Data for processing ->
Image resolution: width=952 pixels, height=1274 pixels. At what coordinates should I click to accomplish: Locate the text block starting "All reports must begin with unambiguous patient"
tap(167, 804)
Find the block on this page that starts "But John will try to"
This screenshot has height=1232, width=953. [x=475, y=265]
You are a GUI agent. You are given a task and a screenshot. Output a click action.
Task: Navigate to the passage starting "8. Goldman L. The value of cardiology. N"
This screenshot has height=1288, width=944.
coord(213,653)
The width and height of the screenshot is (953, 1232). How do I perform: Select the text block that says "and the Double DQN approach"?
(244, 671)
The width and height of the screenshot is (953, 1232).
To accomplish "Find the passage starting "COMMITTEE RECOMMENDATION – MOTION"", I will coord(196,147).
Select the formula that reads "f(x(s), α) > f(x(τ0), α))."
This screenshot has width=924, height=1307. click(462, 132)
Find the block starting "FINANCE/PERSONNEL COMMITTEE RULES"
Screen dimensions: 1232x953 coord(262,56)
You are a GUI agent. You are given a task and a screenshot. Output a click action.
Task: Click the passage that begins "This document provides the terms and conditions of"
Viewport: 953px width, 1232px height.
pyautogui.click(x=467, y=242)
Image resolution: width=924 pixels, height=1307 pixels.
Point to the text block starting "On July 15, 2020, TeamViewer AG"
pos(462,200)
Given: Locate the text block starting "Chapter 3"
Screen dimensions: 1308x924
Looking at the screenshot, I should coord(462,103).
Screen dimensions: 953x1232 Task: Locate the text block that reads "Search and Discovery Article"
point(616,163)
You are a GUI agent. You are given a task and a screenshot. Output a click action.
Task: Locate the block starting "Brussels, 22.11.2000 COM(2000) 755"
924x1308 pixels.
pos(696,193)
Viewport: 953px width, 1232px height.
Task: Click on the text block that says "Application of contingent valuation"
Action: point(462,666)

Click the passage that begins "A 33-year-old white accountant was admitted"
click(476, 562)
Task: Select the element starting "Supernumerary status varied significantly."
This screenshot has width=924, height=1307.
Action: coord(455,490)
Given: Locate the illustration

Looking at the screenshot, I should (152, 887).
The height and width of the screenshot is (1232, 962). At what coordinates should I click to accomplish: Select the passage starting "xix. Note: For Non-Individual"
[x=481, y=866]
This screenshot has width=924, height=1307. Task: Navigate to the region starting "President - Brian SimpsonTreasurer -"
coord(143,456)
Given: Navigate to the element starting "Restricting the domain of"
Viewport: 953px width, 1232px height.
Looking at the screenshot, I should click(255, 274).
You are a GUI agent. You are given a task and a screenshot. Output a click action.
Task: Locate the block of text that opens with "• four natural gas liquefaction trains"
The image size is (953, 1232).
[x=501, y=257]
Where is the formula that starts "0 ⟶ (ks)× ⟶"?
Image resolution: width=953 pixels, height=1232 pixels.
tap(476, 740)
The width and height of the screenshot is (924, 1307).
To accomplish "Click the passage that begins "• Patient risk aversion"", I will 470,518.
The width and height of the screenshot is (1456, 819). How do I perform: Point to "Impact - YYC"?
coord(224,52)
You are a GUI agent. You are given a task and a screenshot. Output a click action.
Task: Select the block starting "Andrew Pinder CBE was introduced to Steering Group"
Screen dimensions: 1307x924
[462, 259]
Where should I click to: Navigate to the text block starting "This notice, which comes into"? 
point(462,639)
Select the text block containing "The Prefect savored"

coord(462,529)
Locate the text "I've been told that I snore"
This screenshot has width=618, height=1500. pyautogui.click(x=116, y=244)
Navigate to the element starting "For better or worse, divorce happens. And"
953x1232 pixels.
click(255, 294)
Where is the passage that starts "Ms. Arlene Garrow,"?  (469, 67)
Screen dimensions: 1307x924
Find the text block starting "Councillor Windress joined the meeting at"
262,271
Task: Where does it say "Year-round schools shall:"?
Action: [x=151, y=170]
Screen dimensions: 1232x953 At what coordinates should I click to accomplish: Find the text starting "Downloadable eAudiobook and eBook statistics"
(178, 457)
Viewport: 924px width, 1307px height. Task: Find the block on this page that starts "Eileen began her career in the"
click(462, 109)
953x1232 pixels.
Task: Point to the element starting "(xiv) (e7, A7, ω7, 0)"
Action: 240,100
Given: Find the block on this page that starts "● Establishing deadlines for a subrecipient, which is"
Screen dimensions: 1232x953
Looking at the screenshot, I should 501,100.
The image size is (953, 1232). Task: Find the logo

Task details ->
Transcribe the full set of records without altering a single character.

Answer area ->
Image resolution: width=952 pixels, height=1274 pixels. At what coordinates should I click to accomplish: Locate the text block starting "All reports must begin with unambiguous patient"
tap(167, 804)
Find the block on this page that starts "But John will try to"
This screenshot has height=1232, width=953. [x=475, y=265]
You are a GUI agent. You are given a task and a screenshot. Output a click action.
Task: Navigate to the passage starting "8. Goldman L. The value of cardiology. N"
This screenshot has height=1288, width=944.
coord(213,653)
The width and height of the screenshot is (953, 1232). How do I perform: Select the text block that says "and the Double DQN approach"?
(244, 671)
The width and height of the screenshot is (953, 1232).
To accomplish "Find the passage starting "COMMITTEE RECOMMENDATION – MOTION"", I will coord(196,147).
Select the formula that reads "f(x(s), α) > f(x(τ0), α))."
This screenshot has width=924, height=1307. click(462, 132)
Find the block starting "FINANCE/PERSONNEL COMMITTEE RULES"
Screen dimensions: 1232x953 coord(262,56)
You are a GUI agent. You are given a task and a screenshot. Output a click action.
Task: Click the passage that begins "This document provides the terms and conditions of"
Viewport: 953px width, 1232px height.
pyautogui.click(x=467, y=242)
Image resolution: width=924 pixels, height=1307 pixels.
Point to the text block starting "On July 15, 2020, TeamViewer AG"
pos(462,200)
Given: Locate the text block starting "Chapter 3"
Screen dimensions: 1308x924
Looking at the screenshot, I should coord(462,103).
Screen dimensions: 953x1232 Task: Locate the text block that reads "Search and Discovery Article"
point(616,163)
You are a GUI agent. You are given a task and a screenshot. Output a click action.
Task: Locate the block starting "Brussels, 22.11.2000 COM(2000) 755"
924x1308 pixels.
pos(696,193)
Viewport: 953px width, 1232px height.
Task: Click on the text block that says "Application of contingent valuation"
Action: point(462,666)

Click the passage that begins "A 33-year-old white accountant was admitted"
click(476, 562)
Task: Select the element starting "Supernumerary status varied significantly."
This screenshot has width=924, height=1307.
Action: coord(455,490)
Given: Locate the illustration

Looking at the screenshot, I should (152, 887).
The height and width of the screenshot is (1232, 962). At what coordinates should I click to accomplish: Select the passage starting "xix. Note: For Non-Individual"
[x=481, y=866]
This screenshot has width=924, height=1307. Task: Navigate to the region starting "President - Brian SimpsonTreasurer -"
coord(143,456)
Given: Navigate to the element starting "Restricting the domain of"
Viewport: 953px width, 1232px height.
Looking at the screenshot, I should click(255, 274).
You are a GUI agent. You are given a task and a screenshot. Output a click action.
Task: Locate the block of text that opens with "• four natural gas liquefaction trains"
The image size is (953, 1232).
[x=501, y=257]
Where is the formula that starts "0 ⟶ (ks)× ⟶"?
Image resolution: width=953 pixels, height=1232 pixels.
tap(476, 740)
The width and height of the screenshot is (924, 1307).
To accomplish "Click the passage that begins "• Patient risk aversion"", I will 470,518.
The width and height of the screenshot is (1456, 819). How do I perform: Point to "Impact - YYC"?
coord(224,52)
You are a GUI agent. You are given a task and a screenshot. Output a click action.
Task: Select the block starting "Andrew Pinder CBE was introduced to Steering Group"
Screen dimensions: 1307x924
[462, 259]
Where should I click to: Navigate to the text block starting "This notice, which comes into"? 
point(462,639)
Select the text block containing "The Prefect savored"

coord(462,529)
Locate the text "I've been told that I snore"
This screenshot has width=618, height=1500. pyautogui.click(x=116, y=244)
Navigate to the element starting "For better or worse, divorce happens. And"
953x1232 pixels.
click(255, 294)
Where is the passage that starts "Ms. Arlene Garrow,"?  (469, 67)
Screen dimensions: 1307x924
Find the text block starting "Councillor Windress joined the meeting at"
262,271
Task: Where does it say "Year-round schools shall:"?
Action: [x=151, y=170]
Screen dimensions: 1232x953 At what coordinates should I click to accomplish: Find the text starting "Downloadable eAudiobook and eBook statistics"
(178, 457)
Viewport: 924px width, 1307px height. Task: Find the block on this page that starts "Eileen began her career in the"
click(462, 109)
953x1232 pixels.
Task: Point to the element starting "(xiv) (e7, A7, ω7, 0)"
Action: 240,100
Given: Find the block on this page that starts "● Establishing deadlines for a subrecipient, which is"
Screen dimensions: 1232x953
Looking at the screenshot, I should 501,100.
The image size is (953, 1232). Task: Find the logo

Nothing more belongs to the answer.